Before we give our developer access to the database let’s make a tweak by adding a mask to our Person table. On the Auditing & Security page for our database I’m going to click “Add Mask” in the bottom menu and then add the mask as shown below.
Now that this is place we can provide our developer with the necessary connection details and they can connect via SSMS like so:
When the developer logs in everything looks pretty much as it always does.
Let’s pop open a new Query Window in our AdventureWorks database and re-run our SQL query on the Person table from above.
SELECT TOP 10 BusinessEntityID, FirstName, MiddleName, LastName FROM Person.Person
So can we see the full Person details as before?
and our result set looks like:
BusinessEntityID FirstName MiddleName LastName ---------------- ------------- ---------- ----------- 285 Syed E XXXXXXXX 293 Catherine R. XXXXXXXX 295 Kim NULL XXXXXXXX 2170 Kim NULL XXXXXXXX 38 Kim B XXXXXXXX 211 Hazem E XXXXXXXX 2357 Sam NULL XXXXXXXX 297 Humberto NULL XXXXXXXX 291 Gustavo NULL XXXXXXXX 299 Pilar NULL XXXXXXXX (10 row(s) affected)

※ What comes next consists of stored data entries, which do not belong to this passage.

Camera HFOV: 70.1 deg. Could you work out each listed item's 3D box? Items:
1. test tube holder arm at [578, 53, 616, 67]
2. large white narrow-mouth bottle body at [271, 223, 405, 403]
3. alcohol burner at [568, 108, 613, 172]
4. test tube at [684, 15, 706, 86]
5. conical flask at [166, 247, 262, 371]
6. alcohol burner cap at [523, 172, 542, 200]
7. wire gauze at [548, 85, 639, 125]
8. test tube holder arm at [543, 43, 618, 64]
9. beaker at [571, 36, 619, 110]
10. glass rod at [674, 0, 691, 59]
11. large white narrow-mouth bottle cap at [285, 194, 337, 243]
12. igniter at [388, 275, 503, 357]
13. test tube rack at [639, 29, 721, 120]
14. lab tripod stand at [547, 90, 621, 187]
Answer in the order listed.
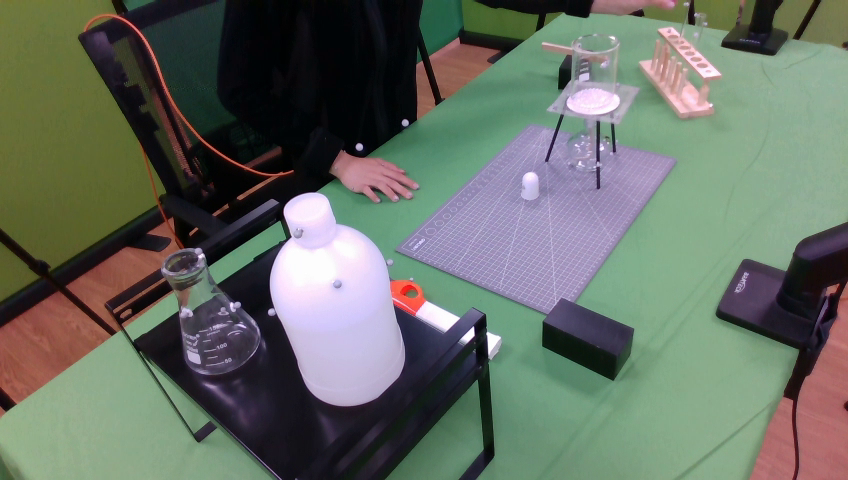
[{"bbox_3d":[0.376,-0.394,1.315,0.087,0.015,0.010,26,51,32],"label":"test tube holder arm"},{"bbox_3d":[-0.077,0.048,0.525,0.102,0.195,0.101,-5,40,4],"label":"large white narrow-mouth bottle body"},{"bbox_3d":[0.296,-0.182,1.074,0.078,0.119,0.077,-5,43,5],"label":"alcohol burner"},{"bbox_3d":[0.541,-0.378,1.215,0.017,0.151,0.017,-2,44,3],"label":"test tube"},{"bbox_3d":[-0.209,0.064,0.584,0.075,0.122,0.075,-5,40,4],"label":"conical flask"},{"bbox_3d":[0.186,-0.096,1.047,0.034,0.048,0.033,-6,37,5],"label":"alcohol burner cap"},{"bbox_3d":[0.286,-0.233,1.020,0.124,0.011,0.122,15,43,30],"label":"wire gauze"},{"bbox_3d":[0.344,-0.413,1.341,0.177,0.015,0.013,25,50,31],"label":"test tube holder arm"},{"bbox_3d":[0.281,-0.273,0.992,0.084,0.101,0.073,-24,42,-16],"label":"beaker"},{"bbox_3d":[0.536,-0.437,1.257,0.008,0.200,0.008,0,39,1],"label":"glass rod"},{"bbox_3d":[-0.087,-0.017,0.468,0.038,0.024,0.037,-5,40,4],"label":"large white narrow-mouth bottle cap"},{"bbox_3d":[-0.008,0.093,0.870,0.274,0.025,0.057,24,60,33],"label":"igniter"},{"bbox_3d":[0.527,-0.351,1.262,0.067,0.085,0.241,-8,40,1],"label":"test tube rack"},{"bbox_3d":[0.289,-0.184,1.062,0.148,0.132,0.147,-6,41,6],"label":"lab tripod stand"}]
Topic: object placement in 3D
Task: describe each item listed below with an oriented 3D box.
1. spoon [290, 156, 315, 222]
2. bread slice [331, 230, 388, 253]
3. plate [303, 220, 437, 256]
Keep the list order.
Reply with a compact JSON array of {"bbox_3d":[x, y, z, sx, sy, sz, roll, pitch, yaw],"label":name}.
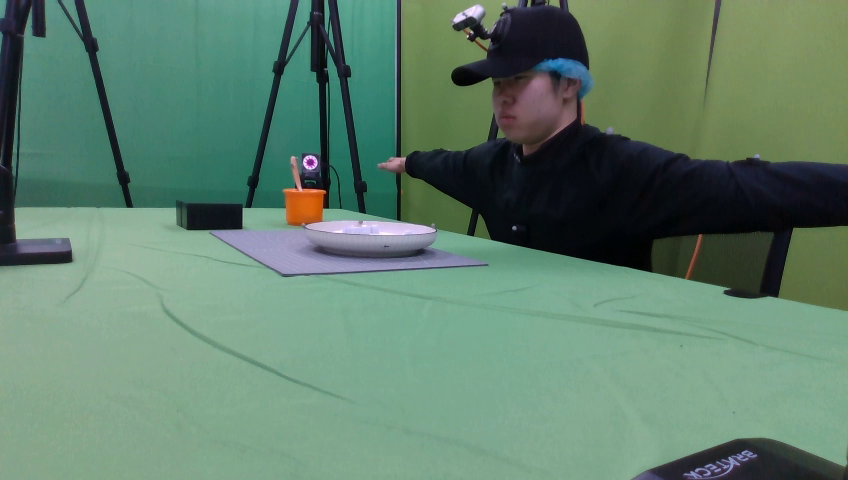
[{"bbox_3d":[-0.274,-0.116,1.329,0.042,0.021,0.193,-3,49,-25],"label":"spoon"},{"bbox_3d":[-0.088,0.000,0.947,0.105,0.019,0.131,-4,11,-45],"label":"bread slice"},{"bbox_3d":[-0.084,-0.003,0.951,0.209,0.038,0.209,3,7,0],"label":"plate"}]
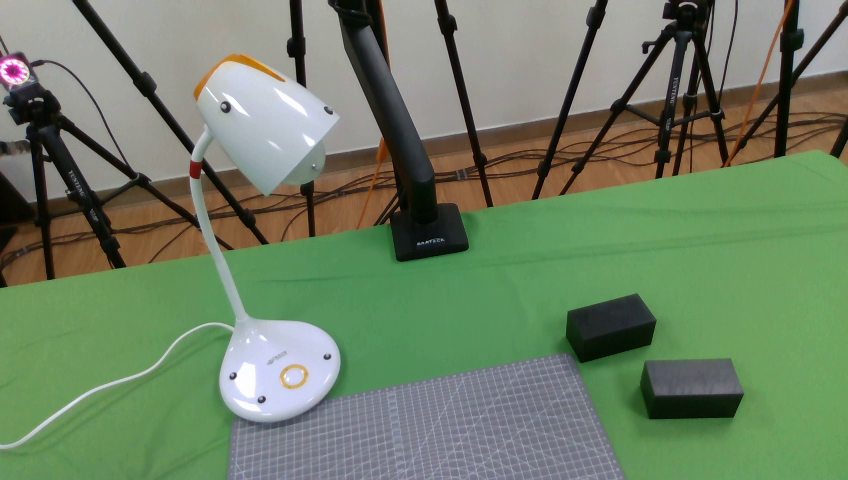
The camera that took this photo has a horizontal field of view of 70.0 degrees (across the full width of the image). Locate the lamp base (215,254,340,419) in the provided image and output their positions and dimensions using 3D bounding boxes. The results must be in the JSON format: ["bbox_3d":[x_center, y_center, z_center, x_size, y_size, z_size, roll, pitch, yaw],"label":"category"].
[{"bbox_3d":[-0.210,0.110,0.775,0.177,0.182,0.160,22,48,33],"label":"lamp base"}]

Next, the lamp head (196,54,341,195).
[{"bbox_3d":[-0.164,-0.120,0.601,0.123,0.112,0.112,38,46,-12],"label":"lamp head"}]
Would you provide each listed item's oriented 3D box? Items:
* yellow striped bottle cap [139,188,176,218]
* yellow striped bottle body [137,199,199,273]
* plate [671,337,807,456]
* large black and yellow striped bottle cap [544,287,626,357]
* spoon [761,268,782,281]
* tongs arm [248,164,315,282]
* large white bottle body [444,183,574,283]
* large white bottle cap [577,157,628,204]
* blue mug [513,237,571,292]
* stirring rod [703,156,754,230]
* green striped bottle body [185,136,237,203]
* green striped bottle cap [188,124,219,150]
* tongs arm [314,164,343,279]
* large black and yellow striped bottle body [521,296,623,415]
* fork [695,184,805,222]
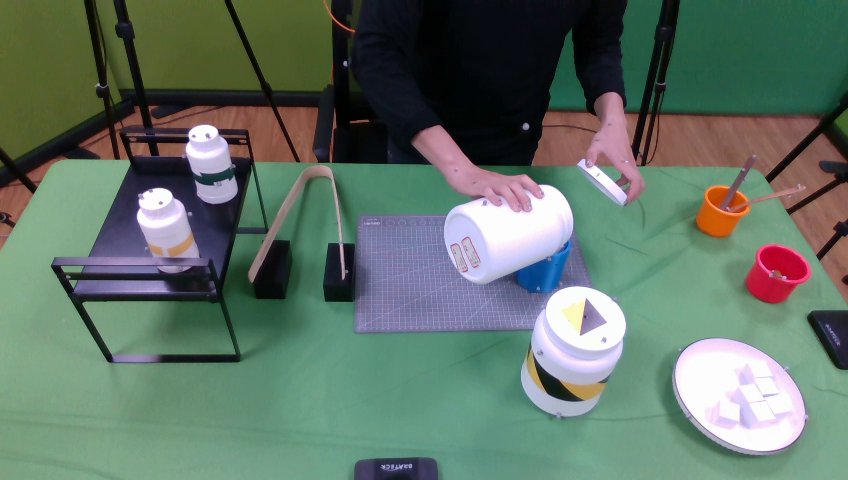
[{"bbox_3d":[-0.363,-0.050,0.826,0.044,0.019,0.044,1,47,0],"label":"yellow striped bottle cap"},{"bbox_3d":[-0.366,-0.014,0.863,0.063,0.121,0.062,2,46,-2],"label":"yellow striped bottle body"},{"bbox_3d":[0.503,0.254,0.984,0.208,0.039,0.206,2,46,-2],"label":"plate"},{"bbox_3d":[0.232,0.116,0.876,0.115,0.019,0.114,2,46,-1],"label":"large black and yellow striped bottle cap"},{"bbox_3d":[0.638,0.060,1.105,0.041,0.021,0.194,38,11,24],"label":"spoon"},{"bbox_3d":[-0.270,-0.047,1.165,0.028,0.028,0.385,-1,34,7],"label":"tongs arm"},{"bbox_3d":[0.141,-0.018,0.985,0.185,0.131,0.130,-20,51,-29],"label":"large white bottle body"},{"bbox_3d":[0.332,-0.111,1.129,0.018,0.115,0.114,-48,54,13],"label":"large white bottle cap"},{"bbox_3d":[0.203,0.031,1.121,0.116,0.106,0.082,5,46,1],"label":"blue mug"},{"bbox_3d":[0.631,-0.097,1.258,0.014,0.006,0.176,33,95,29],"label":"stirring rod"},{"bbox_3d":[-0.341,-0.121,0.968,0.063,0.120,0.063,2,46,-2],"label":"green striped bottle body"},{"bbox_3d":[-0.339,-0.158,0.931,0.044,0.020,0.044,4,46,-3],"label":"green striped bottle cap"},{"bbox_3d":[-0.188,-0.049,1.170,0.051,0.026,0.382,-6,35,-6],"label":"tongs arm"},{"bbox_3d":[0.228,0.173,0.938,0.131,0.185,0.130,2,47,-2],"label":"large black and yellow striped bottle body"},{"bbox_3d":[0.657,-0.075,1.230,0.207,0.019,0.028,-23,34,37],"label":"fork"}]
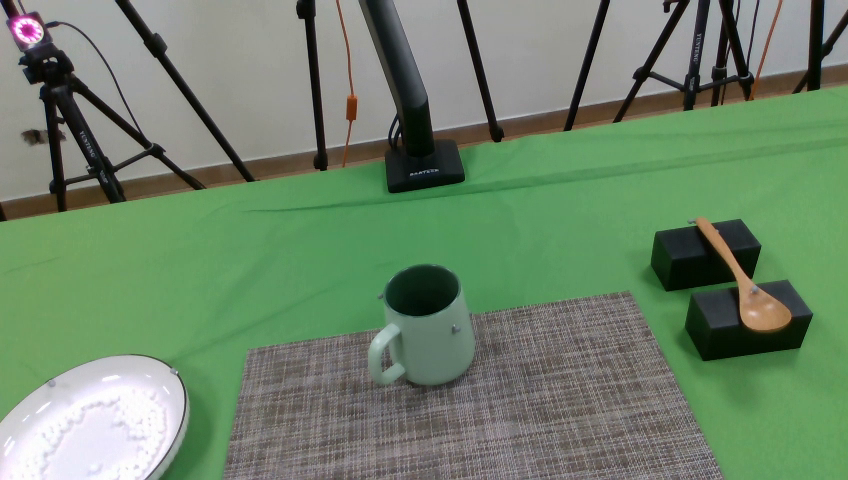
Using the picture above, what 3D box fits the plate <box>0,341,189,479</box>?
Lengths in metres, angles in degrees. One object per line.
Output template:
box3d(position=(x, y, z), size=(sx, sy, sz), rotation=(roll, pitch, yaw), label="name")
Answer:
box3d(position=(-0.339, 0.194, 0.615), size=(0.209, 0.038, 0.207), rotation=(-5, 40, 5), label="plate")

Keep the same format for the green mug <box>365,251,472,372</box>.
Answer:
box3d(position=(-0.010, 0.085, 0.621), size=(0.091, 0.106, 0.125), rotation=(27, 52, 35), label="green mug")

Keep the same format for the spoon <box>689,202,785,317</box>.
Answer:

The key take away from this is that we haven’t actually changed the underlying data – the database does still contain the LastName of the Person – it’s just that the user context of the call is such that a configured mask is applied to the data as it is retrieved from the server.
We can use this approach for a lot of different data types and I expect eventually you’ll have a lot more customisation you can apply here. This is very much a “v1” release and will no doubt be added to over time. This is a great feature that may eventually remove some need to perform mass data cleansing operations when populating dev/test data sources with “production” data.
Reblogged this on Kloud Blog.
This looks like an interesting feature.
Do you know what happens when an unprivileged user tries to update a row that contains masked data? Will the masked data overwrite the original contents of will the update action fail on an attempt to update a masked column?
Adam – if the user has the right database role (i.e. db_datawriter) then they can update the value in any field, even if it is masked. Dynamic Data Masking isn’t a security measure and isn’t designed to stop users from updating data that is masked – it is simply designed to obfuscate certain field values when retrieved from the database. If you need to stop a user from changing data you need to rely on existing security permissions that Azure SQL Database (and SQL Server) have.
You set up a dynamic data masking policy in the Azure Preview portal by selecting the Dynamic Data Masking operation in your SQL Database configuration blade.